Goal of the exercise: With the pictures left out, write out exactly the lines of the listing below that run from the line with "Choices: A: 2.5 B: 3 C: 3.5 D: 5 A" through the line with "<formula> <loc_0><loc_0><loc_500><loc_500>\varphi _".

Dataset records:
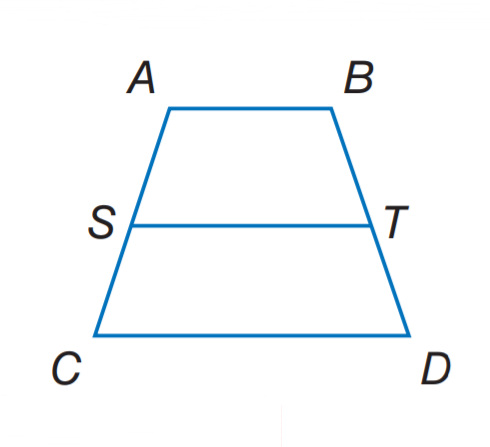Answer the mathemtical geometry problem and directly provide the correct option letter.
Question: For trapezoid A B C D, S and T are midpoints of the legs. If A B = 3 x, S T = 15, and C D = 9 x, find x.
Choices: A: 2.5 B: 3 C: 3.5 D: 5 A 
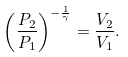<formula> <loc_0><loc_0><loc_500><loc_500>\left ( { \frac { P _ { 2 } } { P _ { 1 } } } \right ) ^ { - { \frac { 1 } { \gamma } } } = { \frac { V _ { 2 } } { V _ { 1 } } } .</formula> 
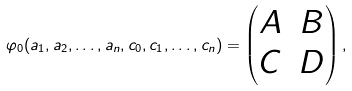<formula> <loc_0><loc_0><loc_500><loc_500>\varphi _ { 0 } ( a _ { 1 } , a _ { 2 } , \dots , a _ { n } , c _ { 0 } , c _ { 1 } , \dots , c _ { n } ) = \begin{pmatrix} A & B \\ C & D \end{pmatrix} ,</formula> 
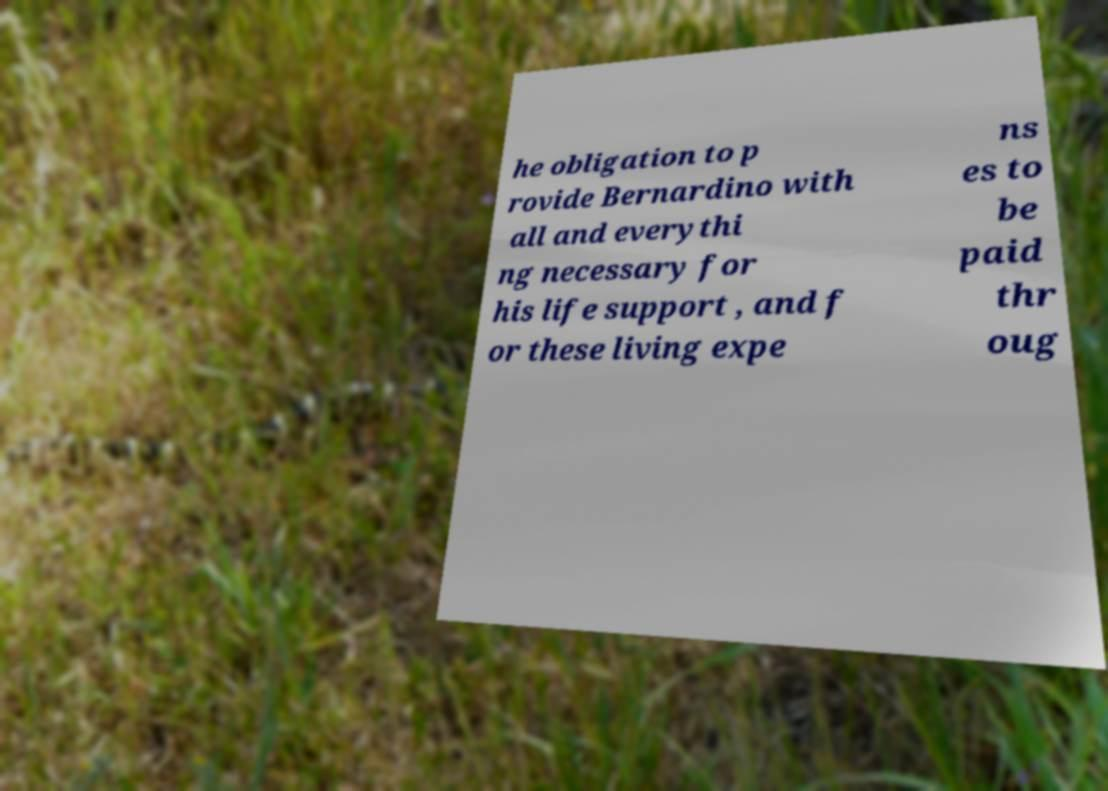There's text embedded in this image that I need extracted. Can you transcribe it verbatim? he obligation to p rovide Bernardino with all and everythi ng necessary for his life support , and f or these living expe ns es to be paid thr oug

Written solution:
Choices: A: 2.5 B: 3 C: 3.5 D: 5 A 
<formula> <loc_0><loc_0><loc_500><loc_500>\left ( { \frac { P _ { 2 } } { P _ { 1 } } } \right ) ^ { - { \frac { 1 } { \gamma } } } = { \frac { V _ { 2 } } { V _ { 1 } } } .</formula> 
<formula> <loc_0><loc_0><loc_500><loc_500>\varphi _ { 0 } ( a _ { 1 } , a _ { 2 } , \dots , a _ { n } , c _ { 0 } , c _ { 1 } , \dots , c _ { n } ) = \begin{pmatrix} A & B \\ C & D \end{pmatrix} ,</formula> 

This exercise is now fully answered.